**What is needed:** In the entries below, how many lines hold the string "ezdxf"? Give only the number.

**Excerpted records:**

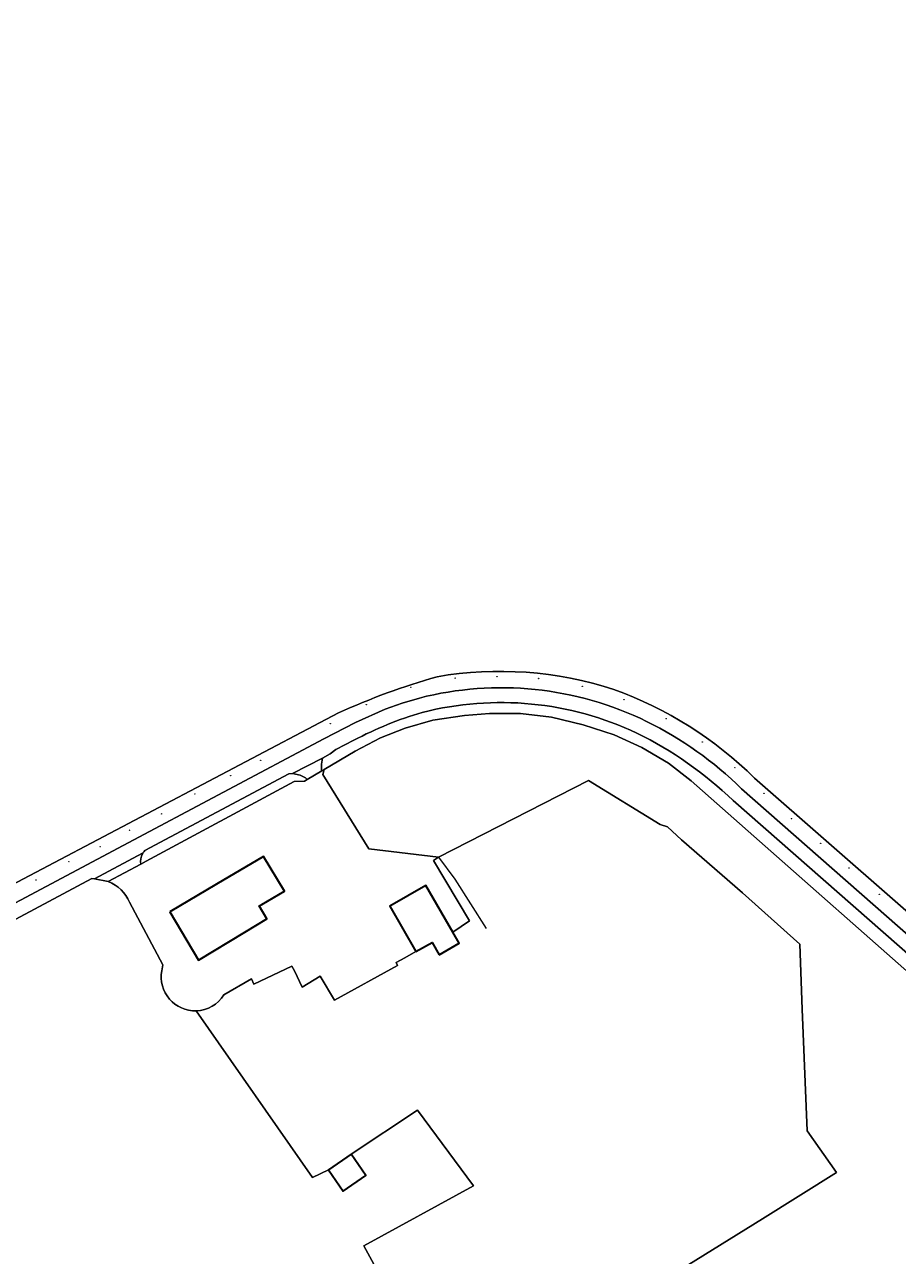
# Model space of a CAD drawing. Header units: metres. Extents: x 200176 to 205485, y 394066 to 399855.
# Tile 7 of 230: x 201427 to 201616, y 395524 to 395791. Entities that reach past the tile are written whole.
import ezdxf
from ezdxf.enums import TextEntityAlignment as Align

# ---------------------------------------------------------------- set-up
doc = ezdxf.new("R2010")
doc.units = ezdxf.units.M
doc.layers.get('0').update_dxf_attribs({"lineweight": 25})
for name, color, linetype, lineweight in [('B-WE-GR-BOOM-S', 90, 'Continuous', 25), ('B-WE-GR-BOS_LOOF-GV', 40, 'Continuous', 13), ('B-WE-GR-BOUWLAND-GV', 80, 'Continuous', 13), ('B-WE-GR-GRAS-GV', 60, 'Continuous', 13), ('B-WE-GR-HAAG-G', 90, 'GR-HAAG1', 13), ('B-WE-IE-TERREINAFSCHEIDING_KUNSTMATIG_HEKWERK-G', 20, 'IE-TERREINAFSCHEIDING-KUNSTMATIG', 18), ('B-WE-OG-BEBOUWING-GV', 7, 'Continuous', 35), ('B-WE-OG-BEBOUWING-T18', 10, 'Continuous', 18), ('B-WE-OG-TERREIN_ERF-GV', 7, 'Continuous', 18), ('B-WE-OG-TOPOGRAFIE-T18', 10, 'Continuous', 18), ('B-WE-OG-WEG-GV', 7, 'Continuous', 18), ('B-WE-VH-VERHARDING_ASFALT-GV', 252, 'Continuous', 18), ('B-WE-VH-VERHARDING_HALFVERHARDING_GRIND-GV', 252, 'Continuous', 18)]:
    doc.layers.add(name, color=color, linetype=linetype, lineweight=lineweight)
doc.styles.add('NLCS-ISO-M20-T18', font='NLCS-ISO.ttf', dxfattribs={"height": 0.036})
doc.linetypes.add('GR-HAAG1', pattern='A,6,[176,NLCS.shx,S=0.125,R=0,X=0,Y=0],-2', length=8)
doc.linetypes.add('IE-TERREINAFSCHEIDING-KUNSTMATIG', pattern='A,4,[82,NLCS.shx,S=0.75,R=90,X=0,Y=0],4,-2', length=10)

# ---------------------------------------------------------------- blocks, each defined once
blk = doc.blocks.new('SGR-BOOM_01-SO')
at = {"linetype": 'ByBlock', "lineweight": 18}
h = blk.add_hatch(color=0, dxfattribs=at)
h.dxf.hatch_style = 1
edge = h.paths.add_edge_path()
edge.add_arc((0, 0), 0.25, 0, 360)
at = {"color": 0, "linetype": 'ByBlock', "lineweight": 18}
for radius in [2, 0.25]:
    blk.add_circle((0, 0), radius, dxfattribs=at)

msp = doc.modelspace()

# ---------------------------------------------------------------- linework, layer by layer
at = {"layer": 'B-WE-GR-BOS_LOOF-GV', "flags": 128}
for points in [[(201619.608, 395584.353), (201585.921, 395614.03), (201571.195, 395627.102), (201566.256, 395630.899), (201560.495, 395634.302), (201554.524, 395637.051), (201547.805, 395639.206), (201540.977, 395640.845), (201534.291, 395641.597), (201527.622, 395641.632), (201522.203, 395641.23), (201515.357, 395640.171), (201509.377, 395638.445), (201504.014, 395636.391), (201498.535, 395633.502), (201491.856, 395629.556), (201491.587, 395628.42), (201501.539, 395612.401), (201516.539, 395610.587), (201548.993, 395627.159), (201564.457, 395617.598), (201566.076, 395617.108), (201569.125, 395614.331), (201582.245, 395602.852), (201594.646, 395591.791), (201595.204, 395577.678), (201596.292, 395551.378), (201602.61, 395542.394), (201586.588, 395532.415), (201546.941, 395507.78)], [(201445.182, 395605.28), (201442.228, 395605.888), (201441.655, 395605.953), (201376.471, 395571.123), (201366.249, 395565.715), (201369.283, 395559.012), (201372.291, 395552.884), (201375.414, 395546.413), (201378.982, 395540.053), (201386.756, 395527.087), (201398.979, 395506.451)], [(201456.731, 395586.023), (201456.965, 395587.291), (201449.763, 395600.821)], [(201519.708, 395491.181), (201500.388, 395526.528), (201524.164, 395539.532), (201512.015, 395555.872), (201497.68, 395546.351), (201500.867, 395541.776), (201495.99, 395538.379), (201492.803, 395542.953), (201489.325, 395541.326), (201464.189, 395577.357)]]:
    msp.add_lwpolyline(points, dxfattribs=at)
at = {"layer": 'B-WE-GR-BOS_LOOF-GV'}
for points in [[(201449.763, 395600.821, 0.2057536), (201445.182, 395605.28)], [(201464.189, 395577.357, -0.4784176), (201456.731, 395586.023)]]:
    msp.add_lwpolyline(points, format="xyb", dxfattribs=at)
at = {"layer": 'B-WE-GR-BOUWLAND-GV', "flags": 128}
for points in [[(201584.897, 395627.632), (201662.902, 395559.381), (201690.637, 395576.237), (201724.193, 395598.193), (201761.147, 395621.527), (201803.096, 395648.015), (201821.753, 395659.795), (201825.98, 395667.83), (201747.012, 395718.272), (201719.952, 395734.775), (201690.37, 395753.502), (201661.245, 395771.941), (201644.745, 395783.286), (201614.243, 395804.259), (201580.756, 395828.434), (201555.175, 395845.818), (201527.455, 395861.361), (201480.413, 395884.344), (201450.331, 395899.42), (201437.871, 395906.038), (201431.448, 395902.144), (201414.779, 395894.851), (201355.962, 395867.98), (201270.869, 395830.66)], [(201270.869, 395830.66), (201287.405, 395796.578), (201300.672, 395763.719), (201325.125, 395701.765), (201360.082, 395612.512), (201368.431, 395589.339), (201374.274, 395578.227), (201426.821, 395605.857), (201494.966, 395641.741)]]:
    msp.add_lwpolyline(points, dxfattribs=at)
at = {"layer": 'B-WE-GR-BOUWLAND-GV'}
for points in [[(201516.245, 395649.578, -0.1221138), (201554.493, 395646.815)], [(201494.966, 395641.741, -0.0390365), (201516.245, 395649.578)], [(201554.493, 395646.815, -0.1096869), (201584.897, 395627.632)]]:
    msp.add_lwpolyline(points, format="xyb", dxfattribs=at)
at = {"layer": 'B-WE-GR-GRAS-GV', "flags": 128}
for points in [[(201569.125, 395614.331), (201566.076, 395617.108), (201564.457, 395617.598), (201548.993, 395627.159), (201516.539, 395610.587), (201515.513, 395609.833), (201523.296, 395596.775), (201519.65, 395594.375), (201521.034, 395591.976), (201516.703, 395589.478), (201515.17, 395592.113), (201511.679, 395590.165), (201509.254, 395588.812), (201507.418, 395587.788), (201507.737, 395587.159), (201494.112, 395579.675), (201490.97, 395584.834), (201487.063, 395582.489), (201485.468, 395586.014), (201484.843, 395586.997), (201476.625, 395583.111), (201476.17, 395584.241), (201470.17, 395580.793)], [(201464.189, 395577.357), (201489.325, 395541.326), (201492.803, 395542.953), (201497.68, 395546.351), (201512.015, 395555.872), (201524.164, 395539.532), (201500.388, 395526.528), (201519.708, 395491.181), (201546.941, 395507.78), (201586.588, 395532.415), (201602.61, 395542.394), (201596.292, 395551.378), (201595.204, 395577.678), (201594.646, 395591.791), (201582.245, 395602.852), (201569.125, 395614.331)]]:
    msp.add_lwpolyline(points, dxfattribs=at)
at = {"layer": 'B-WE-GR-GRAS-GV'}
msp.add_lwpolyline([(201470.17, 395580.793, -0.249447), (201464.189, 395577.357)], format="xyb", dxfattribs=at)
at = {"layer": 'B-WE-GR-HAAG-G', "flags": 128}
for points in [[(201453.348, 395609.719), (201485.379, 395626.927)], [(201507.737, 395587.159), (201494.112, 395579.675), (201490.97, 395584.834), (201487.063, 395582.489), (201485.468, 395586.014)]]:
    msp.add_lwpolyline(points, dxfattribs=at)
at = {"layer": 'B-WE-IE-TERREINAFSCHEIDING_KUNSTMATIG_HEKWERK-G', "flags": 128}
for points in [[(201519.708, 395491.181), (201546.941, 395507.78), (201586.588, 395532.415), (201602.61, 395542.394), (201596.292, 395551.378), (201595.204, 395577.678), (201594.646, 395591.791), (201582.245, 395602.852), (201569.125, 395614.331), (201566.076, 395617.108), (201564.457, 395617.598), (201548.993, 395627.159), (201516.539, 395610.587)], [(201516.539, 395610.587), (201520.126, 395605.839), (201526.84, 395595.126)], [(201512.015, 395555.872), (201524.164, 395539.532), (201500.388, 395526.528)]]:
    msp.add_lwpolyline(points, dxfattribs=at)
at = {"layer": 'B-WE-OG-BEBOUWING-GV', "flags": 128}
for points in [[(201458.452, 395598.726), (201464.699, 395588.326), (201474.698, 395594.367), (201479.436, 395597.229), (201477.781, 395600.044), (201478.338, 395600.374), (201483.257, 395603.221), (201478.702, 395610.705), (201468.577, 395604.715)], [(201516.703, 395589.478), (201521.034, 395591.976), (201519.65, 395594.375), (201513.836, 395604.456), (201506.043, 395599.981), (201511.679, 395590.165), (201515.17, 395592.113)], [(201492.803, 395542.953), (201495.99, 395538.379), (201500.867, 395541.776), (201497.68, 395546.351)]]:
    msp.add_lwpolyline(points, close=True, dxfattribs=at)
at = {"layer": 'B-WE-OG-TERREIN_ERF-GV', "flags": 128}
for points in [[(201516.539, 395610.587), (201501.539, 395612.401), (201491.587, 395628.42), (201491.856, 395629.556), (201491.325, 395629.243), (201488.142, 395627.362), (201487.566, 395627.022), (201485.379, 395626.927), (201453.348, 395609.719), (201452.239, 395609.071), (201445.182, 395605.28)], [(201470.17, 395580.793), (201476.17, 395584.241), (201476.625, 395583.111), (201484.843, 395586.997), (201485.468, 395586.014), (201487.063, 395582.489), (201490.97, 395584.834), (201494.112, 395579.675), (201507.737, 395587.159), (201507.418, 395587.788), (201509.254, 395588.812), (201511.679, 395590.165), (201506.043, 395599.981), (201513.836, 395604.456), (201519.65, 395594.375), (201523.296, 395596.775), (201515.513, 395609.833), (201516.539, 395610.587)], [(201449.763, 395600.821), (201456.965, 395587.291), (201456.731, 395586.023)]]:
    msp.add_lwpolyline(points, dxfattribs=at)
msp.add_lwpolyline([(201458.452, 395598.726), (201468.577, 395604.715), (201478.702, 395610.705), (201483.257, 395603.221), (201478.338, 395600.374), (201477.781, 395600.044), (201479.436, 395597.229), (201474.698, 395594.367), (201464.699, 395588.326)], close=True, dxfattribs=at)
at = {"layer": 'B-WE-OG-TERREIN_ERF-GV'}
for points in [[(201445.182, 395605.28, -0.2057536), (201449.763, 395600.821)], [(201456.731, 395586.023, 0.4784176), (201464.189, 395577.357)], [(201464.189, 395577.357, 0.249447), (201470.17, 395580.793)]]:
    msp.add_lwpolyline(points, format="xyb", dxfattribs=at)
at = {"layer": 'B-WE-OG-WEG-GV'}
for points in [[(201554.493, 395646.815, 0.1221138), (201516.245, 395649.578)], [(201516.245, 395649.578, 0.0390365), (201494.966, 395641.741)], [(201512.423, 395644.975, -0.1782016), (201561.564, 395639.908)], [(201584.897, 395627.632, 0.1096869), (201554.493, 395646.815)], [(201513.057, 395641.876, 0.0507701), (201498.26, 395635.841)], [(201559.449, 395637.393, 0.1745335), (201513.057, 395641.876)], [(201561.564, 395639.908, -0.0800674), (201582.099, 395625.336)], [(201580.249, 395622.788, 0.0776444), (201559.449, 395637.393)], [(201452.581, 395611.311, 0.1999734), (201452.239, 395609.071)], [(201452.663, 395611.438, 0.0147027), (201452.581, 395611.311)], [(201452.854, 395611.689, 0.0272612), (201452.663, 395611.438)], [(201452.971, 395611.817, 0.0205502), (201452.854, 395611.689)]]:
    msp.add_lwpolyline(points, format="xyb", dxfattribs=at)
at = {"layer": 'B-WE-OG-WEG-GV', "flags": 128}
for points in [[(201343.706, 395557.807), (201375.1, 395574.125), (201448.37, 395613.117), (201491.751, 395636.181), (201498.62, 395639.68), (201505.005, 395642.552), (201508.686, 395643.849), (201512.423, 395644.975)], [(201494.966, 395641.741), (201426.821, 395605.857), (201374.274, 395578.227), (201369.223, 395575.571), (201366.641, 395574.214)], [(201498.26, 395635.841), (201494.389, 395633.882), (201493.163, 395632.879), (201491.485, 395632.009), (201491.255, 395630.703), (201491.25, 395629.48), (201491.325, 395629.243), (201491.856, 395629.556), (201498.535, 395633.502), (201504.014, 395636.391), (201509.377, 395638.445), (201515.357, 395640.171), (201522.203, 395641.23), (201527.622, 395641.632), (201534.291, 395641.597), (201540.977, 395640.845), (201547.805, 395639.206), (201554.524, 395637.051), (201560.495, 395634.302), (201566.256, 395630.899), (201571.195, 395627.102), (201585.921, 395614.03), (201619.608, 395584.353)], [(201485.379, 395626.927), (201487.566, 395627.022), (201488.142, 395627.362), (201487.788, 395627.722), (201486.654, 395628.296), (201484.989, 395628.643), (201484.218, 395628.581), (201453.115, 395611.977), (201452.971, 395611.817)], [(201452.239, 395609.071), (201453.348, 395609.719), (201485.379, 395626.927)], [(201582.099, 395625.336), (201658.918, 395557.841), (201661.385, 395557.658), (201663.076, 395557.625), (201664.766, 395557.75), (201662.902, 395559.381), (201584.897, 395627.632)], [(201664.537, 395548.82), (201580.249, 395622.788)]]:
    msp.add_lwpolyline(points, dxfattribs=at)
at = {"layer": 'B-WE-VH-VERHARDING_ASFALT-GV'}
for points in [[(201561.564, 395639.908, 0.1782016), (201512.423, 395644.975)], [(201498.26, 395635.841, -0.0507701), (201513.057, 395641.876)], [(201513.057, 395641.876, -0.1745335), (201559.449, 395637.393)], [(201582.099, 395625.336, 0.0800674), (201561.564, 395639.908)], [(201559.449, 395637.393, -0.0776444), (201580.249, 395622.788)], [(201452.663, 395611.438, -0.0272612), (201452.854, 395611.689)], [(201452.854, 395611.689, -0.0205502), (201452.971, 395611.817)]]:
    msp.add_lwpolyline(points, format="xyb", dxfattribs=at)
at = {"layer": 'B-WE-VH-VERHARDING_ASFALT-GV', "flags": 128}
for points in [[(201512.423, 395644.975), (201508.686, 395643.849), (201505.005, 395642.552), (201498.62, 395639.68), (201491.751, 395636.181), (201448.37, 395613.117), (201375.1, 395574.125), (201343.706, 395557.807)], [(201452.971, 395611.817), (201453.115, 395611.977), (201484.218, 395628.581), (201484.989, 395628.643), (201491.485, 395632.009), (201493.163, 395632.879), (201494.389, 395633.882), (201498.26, 395635.841)], [(201580.249, 395622.788), (201664.537, 395548.82), (201667.814, 395545.944), (201676.971, 395537.936), (201679.641, 395539.691), (201670.004, 395548.101), (201666.61, 395551.083), (201658.918, 395557.841), (201582.099, 395625.336)], [(201346.981, 395555.521), (201364.721, 395564.906), (201366.249, 395565.715), (201376.471, 395571.123), (201441.655, 395605.953), (201442.228, 395605.888), (201452.595, 395611.402), (201452.663, 395611.438)]]:
    msp.add_lwpolyline(points, dxfattribs=at)
at = {"layer": 'B-WE-VH-VERHARDING_HALFVERHARDING_GRIND-GV', "flags": 128}
msp.add_lwpolyline([(201491.485, 395632.009), (201484.989, 395628.643), (201486.654, 395628.296), (201487.788, 395627.722), (201488.142, 395627.362), (201491.325, 395629.243), (201491.25, 395629.48), (201491.255, 395630.703)], close=True, dxfattribs=at)
for points in [[(201452.663, 395611.438), (201452.595, 395611.402), (201442.228, 395605.888), (201445.182, 395605.28)], [(201445.182, 395605.28), (201452.239, 395609.071)]]:
    msp.add_lwpolyline(points, dxfattribs=at)
at = {"layer": 'B-WE-VH-VERHARDING_HALFVERHARDING_GRIND-GV'}
for points in [[(201452.239, 395609.071, -0.1999734), (201452.581, 395611.311)], [(201452.581, 395611.311, -0.0147027), (201452.663, 395611.438)]]:
    msp.add_lwpolyline(points, format="xyb", dxfattribs=at)

# ---------------------------------------------------------------- block references
at = {"layer": 'B-WE-GR-BOOM-S', "xscale": 0.02, "yscale": 0.02, "zscale": 0.02}
for p in [(201510.584, 395647.279), (201520.178, 395649.272), (201529.227, 395649.575), (201538.215, 395649.228), (201547.639, 395647.498), (201556.682, 395644.601), (201500.981, 395643.546), (201493.19, 395639.407), (201565.781, 395640.516), (201573.612, 395635.474), (201478.135, 395631.485), (201580.634, 395629.89), (201471.65, 395628.207), (201463.897, 395624.208), (201586.938, 395624.353), (201456.674, 395619.943), (201592.872, 395618.898), (201449.731, 395616.404), (201443.423, 395612.829), (201599.206, 395613.549), (201436.672, 395609.628), (201605.329, 395608.226), (201429.572, 395605.659), (201611.883, 395602.562)]:
    msp.add_blockref('SGR-BOOM_01-SO', p, dxfattribs=at)

# ---------------------------------------------------------------- texts
at = {"layer": 'B-WE-OG-BEBOUWING-T18', "style": 'NLCS-ISO-M20-T18'}
msp.add_text('8', height=0.036, rotation=30.6, dxfattribs=at).set_placement((201465.549, 395598.277), align=Align.MIDDLE)
at = {"layer": 'B-WE-OG-TOPOGRAFIE-T18', "style": 'NLCS-ISO-M20-T18'}
msp.add_text('Nieuwlandsestraat', height=0.036, rotation=28.1, dxfattribs=at).set_placement((201462.153, 395618.027), align=Align.MIDDLE)

doc.saveas('drawing.dxf')

**Answer to this task:** 4